President Bush and his fellow powerful Republicans have viciously attacked Democrats and others who don't embrace their war endlessly. When the president is challenged (which is seldom), he backs away from his harsh rhetoric and replaces it instead with a condescending glare. People who don't agree with me aren't unpatriotic, he replies; they just "don't understand the stakes in the War on Terror."

December is coming up, and President Bush is expected to be on vacation for much of the month. If he continues taking time off at the rate he has been, by the time he leaves his second term, the president will have vacationed for more than 1 of his 8 years in office. Earlier this year, the Pentagon ordered an entire brigade of soldiers back to Iraq - before they had even made it home from their first tour. They literally turned around and boarded airplanes headed in the opposite direction. At least the president will be home for Christmas. Not everyone is so fortunate.

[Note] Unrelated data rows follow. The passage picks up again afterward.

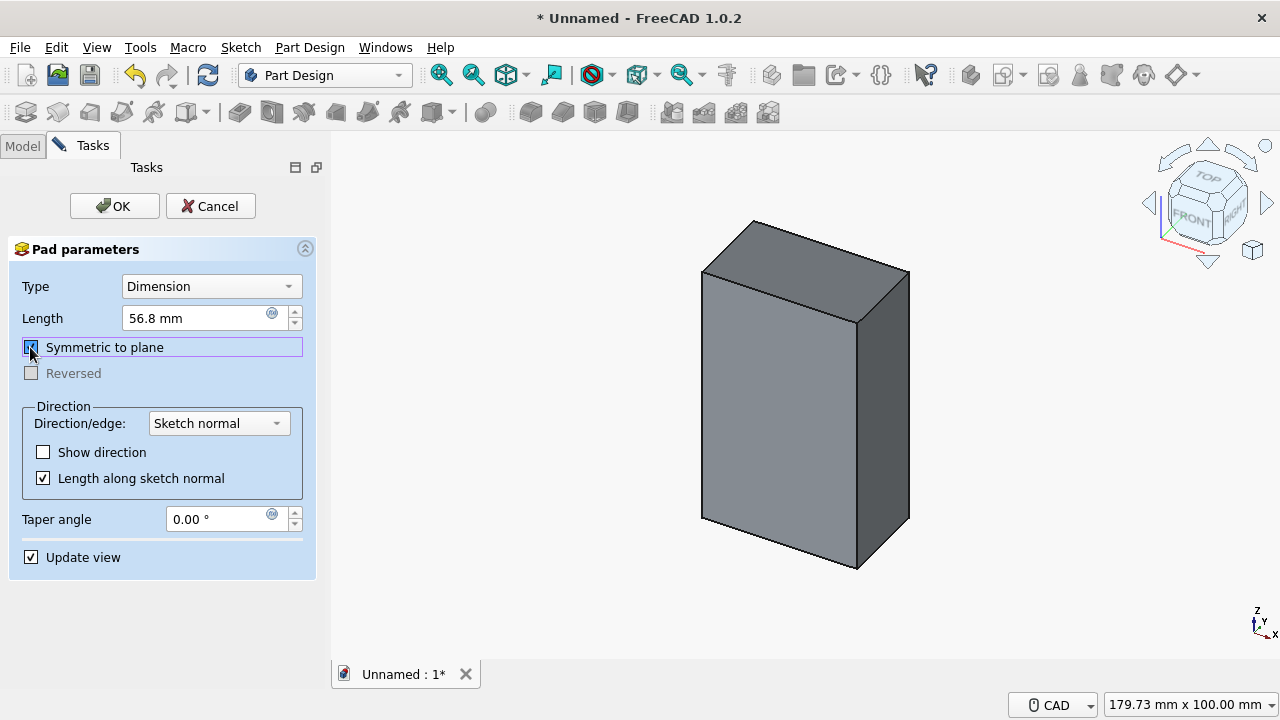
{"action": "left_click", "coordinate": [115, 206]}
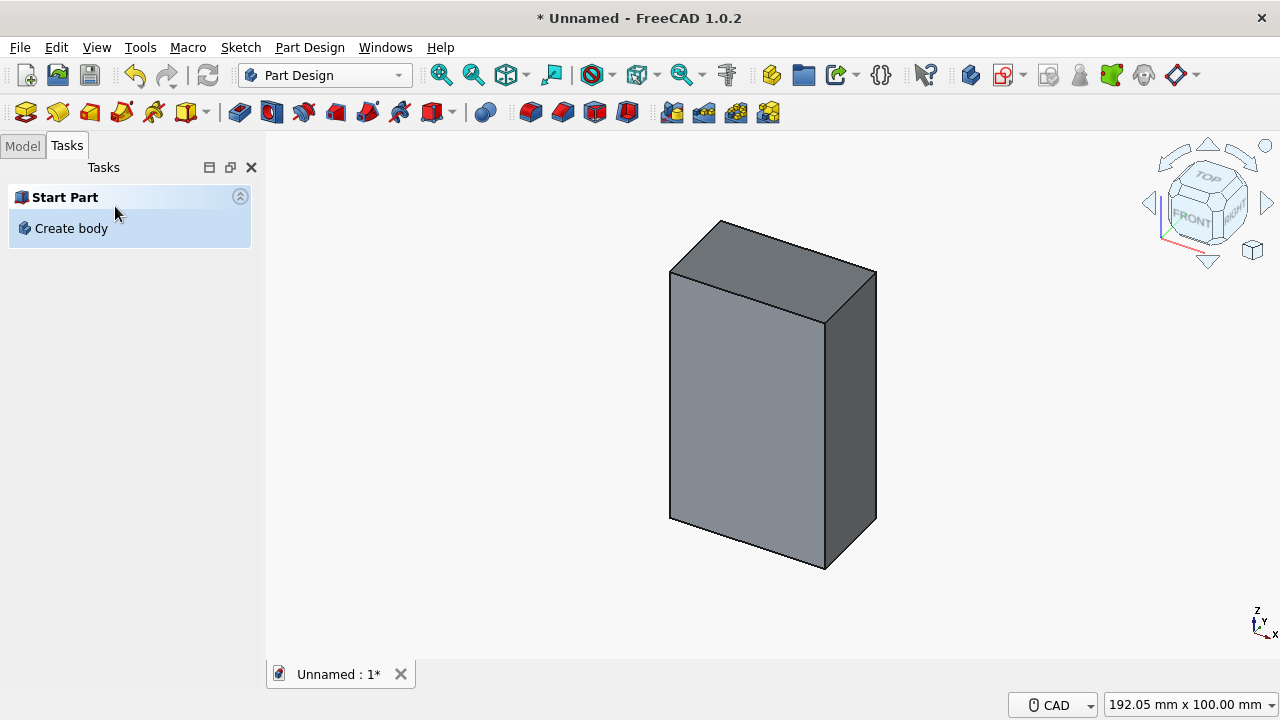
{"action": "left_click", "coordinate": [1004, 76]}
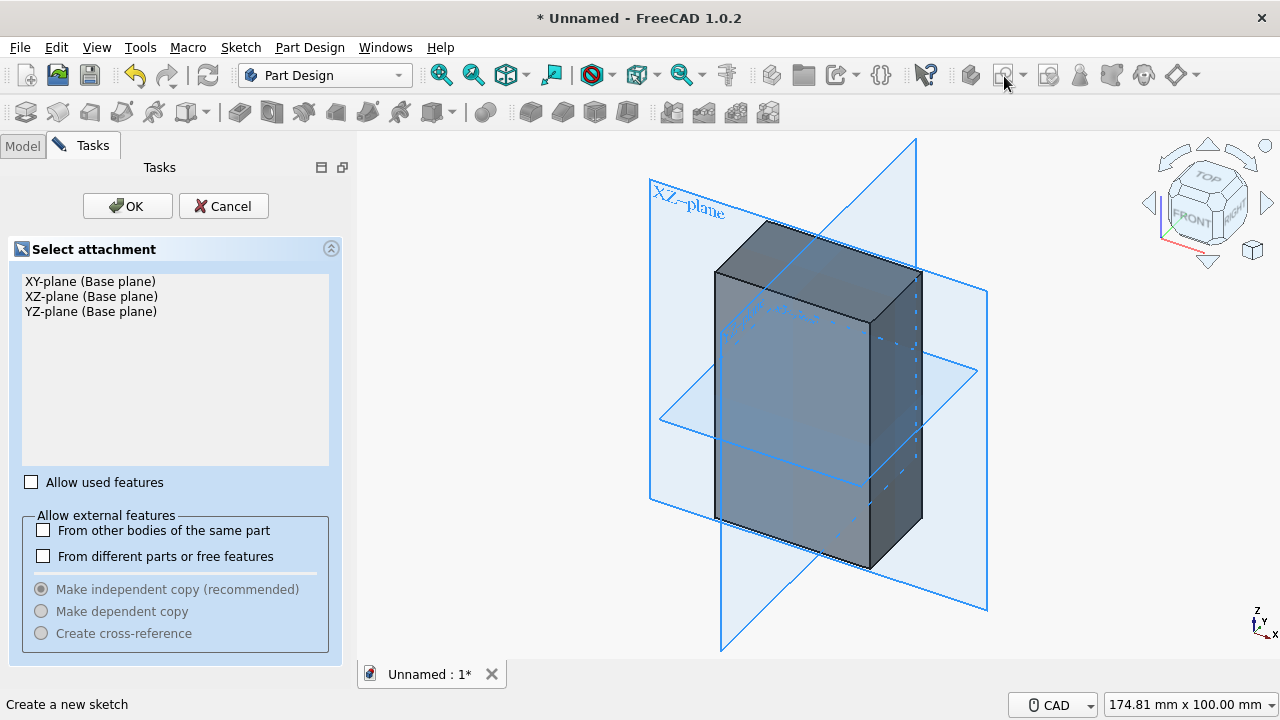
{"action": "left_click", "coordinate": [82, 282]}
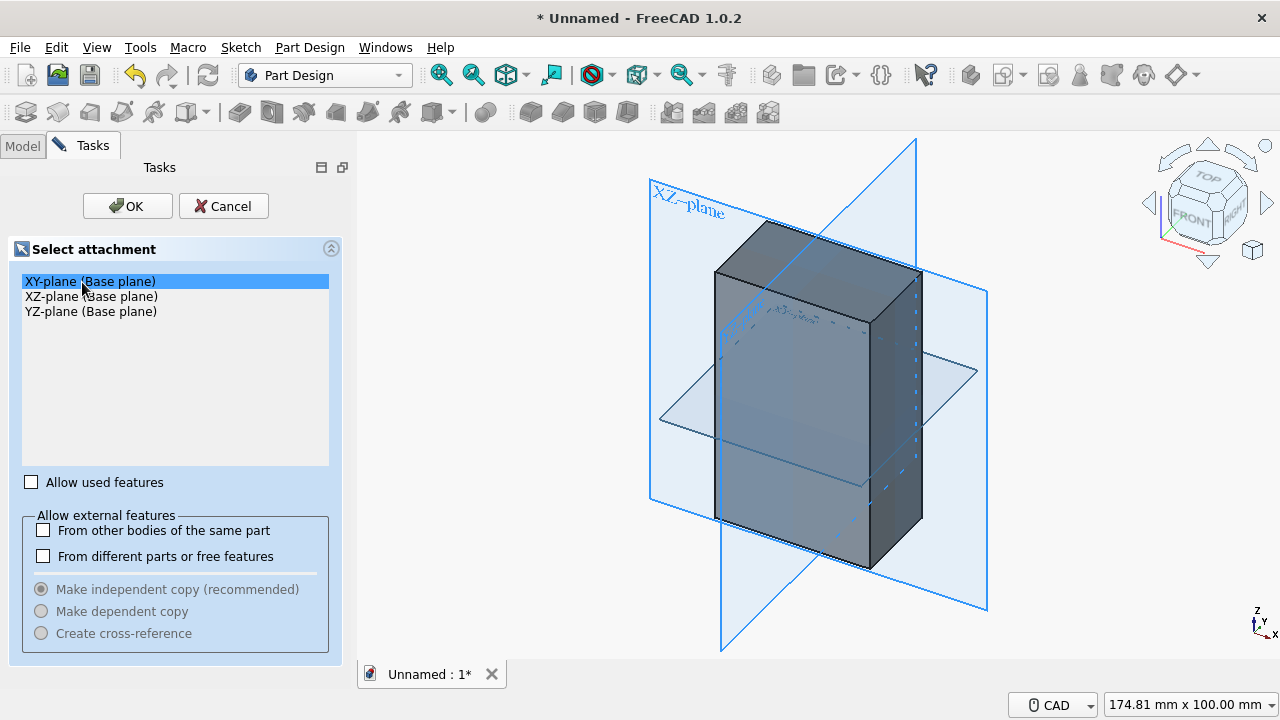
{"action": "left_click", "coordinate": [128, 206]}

During World War II, Churchill ordered strict food rationing. World War I vets formed the British Home Guard to fend off the potential German invasion with pitchforks and shotguns more suited to hunting with bird-shot (while all the younger men and equipment were on the front lines fighting the Axis). Nowadays, putting yellow "Support Our Troops" magnets on your SUV is strictly optional and tax cuts are mandatory. President Bush thinks history will look back upon his war as just as important as the one Churchill and the rest of the world waged half a century ago. From the way this president acts, you wouldn't think so.

Arlen Parsa is a documentary film student at Columbia College Chicago. In between classes, Parsa writes about American politics and current events at TheDailyBackground.com.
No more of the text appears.